Enhancement in heat and mass transfer over a permeable sheet with Newtonian heating effects on nanofluid: Multiple solutions using spectral method and stability analysis

Abstract

This paper investigates the Newtonian heating effect on nanofluid flow over a nonlinear permeable stretching / shrinking sheet near the region of stagnation point. Only two important mechanisms on the transportation of nanoparticles in base fluid are discussed: the Brownian motion and thermophoresis. This physical problem is modelled using the Buongiorno (ASME J. Heat Transfer 128, 240 (2006) model in terms of nonlinear governing partial differential equations and transformed into dimensionless ordinary differential equations by using similarity transformation and the solution is calculated using the numerical scheme known as the Chebyshev spectral collocation method. The main interest of this study is the region of the boundary layer where viscous effects are dominant. Dual solutions are reported against the shrinking parameter in which the first solution is stable due to positive eigenvalues and the second is unstable due to negative eigenvalues and ranges of these solutions are effected by the suction parameter which is discussed using graphs and tables. The effects of dimensionless parameters, namely, velocity ratio, suction, Schmidt number, Prandtl number, thermophoresis and Brownian motion on temperature and concentration profiles, skin friction coefficient and Nusselt number are also shown using graphs. For the validity of the applied scheme, a comparison is established with published studies in the limiting case.
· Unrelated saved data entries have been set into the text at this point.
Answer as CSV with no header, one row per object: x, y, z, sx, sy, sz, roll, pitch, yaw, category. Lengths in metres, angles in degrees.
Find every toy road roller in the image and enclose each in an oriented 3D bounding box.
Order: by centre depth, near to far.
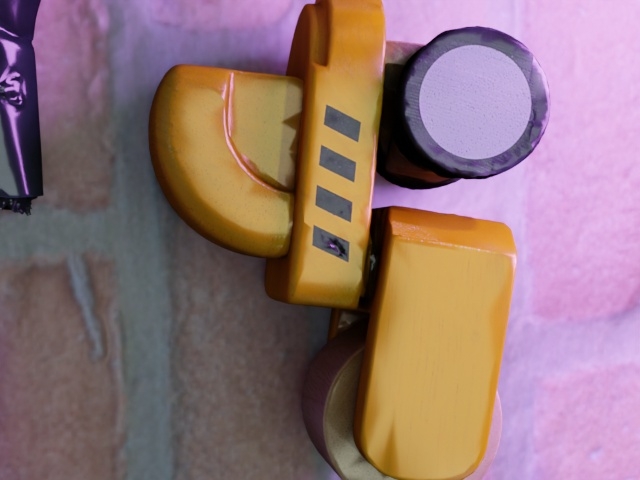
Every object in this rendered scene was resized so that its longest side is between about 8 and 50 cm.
0.000,0.000,1.037,0.240,0.202,0.329,6,89,-7,toy road roller

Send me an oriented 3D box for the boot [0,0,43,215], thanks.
-0.285,-0.120,0.976,0.246,0.094,0.207,5,91,-25,boot
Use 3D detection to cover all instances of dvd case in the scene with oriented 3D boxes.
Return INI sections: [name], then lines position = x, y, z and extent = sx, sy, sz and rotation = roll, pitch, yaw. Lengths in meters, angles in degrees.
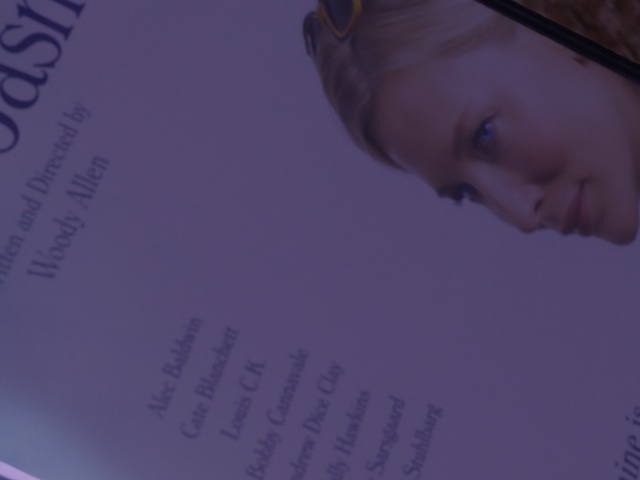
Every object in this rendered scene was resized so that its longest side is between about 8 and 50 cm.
[dvd case]
position = 0.000, 0.000, 0.361
extent = 0.253, 0.022, 0.180
rotation = 25, 62, -9
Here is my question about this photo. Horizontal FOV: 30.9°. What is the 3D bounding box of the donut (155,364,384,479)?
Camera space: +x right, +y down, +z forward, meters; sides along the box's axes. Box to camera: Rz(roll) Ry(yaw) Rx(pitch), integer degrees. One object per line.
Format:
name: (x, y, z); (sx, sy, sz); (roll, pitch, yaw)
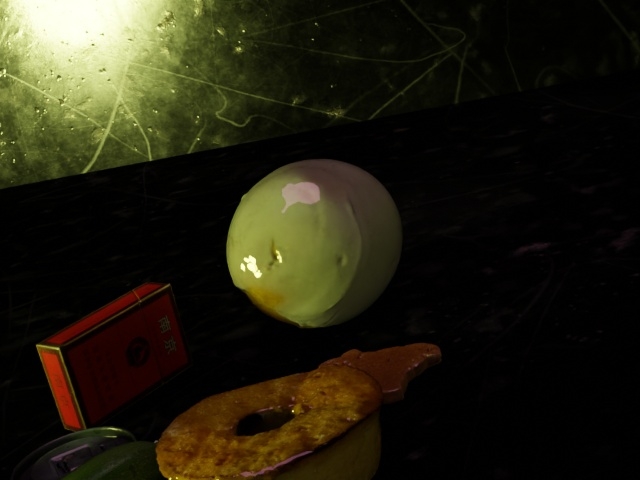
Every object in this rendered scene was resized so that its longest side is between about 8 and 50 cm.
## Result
donut: (-0.055, 0.270, 1.490); (0.302, 0.110, 0.303); (-14, 17, 4)

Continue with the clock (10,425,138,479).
clock: (-0.341, 0.324, 1.628); (0.184, 0.040, 0.184); (-13, 19, 4)

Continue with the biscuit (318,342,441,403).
biscuit: (0.046, 0.210, 1.695); (0.280, 0.043, 0.183); (-21, 16, -8)

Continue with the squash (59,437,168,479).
squash: (-0.305, 0.343, 1.463); (0.101, 0.101, 0.378); (5, 24, 43)

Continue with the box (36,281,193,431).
box: (-0.323, 0.183, 1.852); (0.074, 0.153, 0.239); (-2, 21, 42)

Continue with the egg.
egg: (0.000, 0.000, 1.960); (0.283, 0.283, 0.345); (-4, 8, 25)

Through the results, it is concluded that temperature and concentration increase by increasing the values of the thermophoresis parameter and the opposite behaviour is observed in the case of Brownian motion and Schmidt number. Skin friction coefficient, Nusselt and Sherwood numbers increase on increasing the suction parameter. Also, an enhancement in temperature and concentration profiles is observed in the presence of Newtonian heating parameter.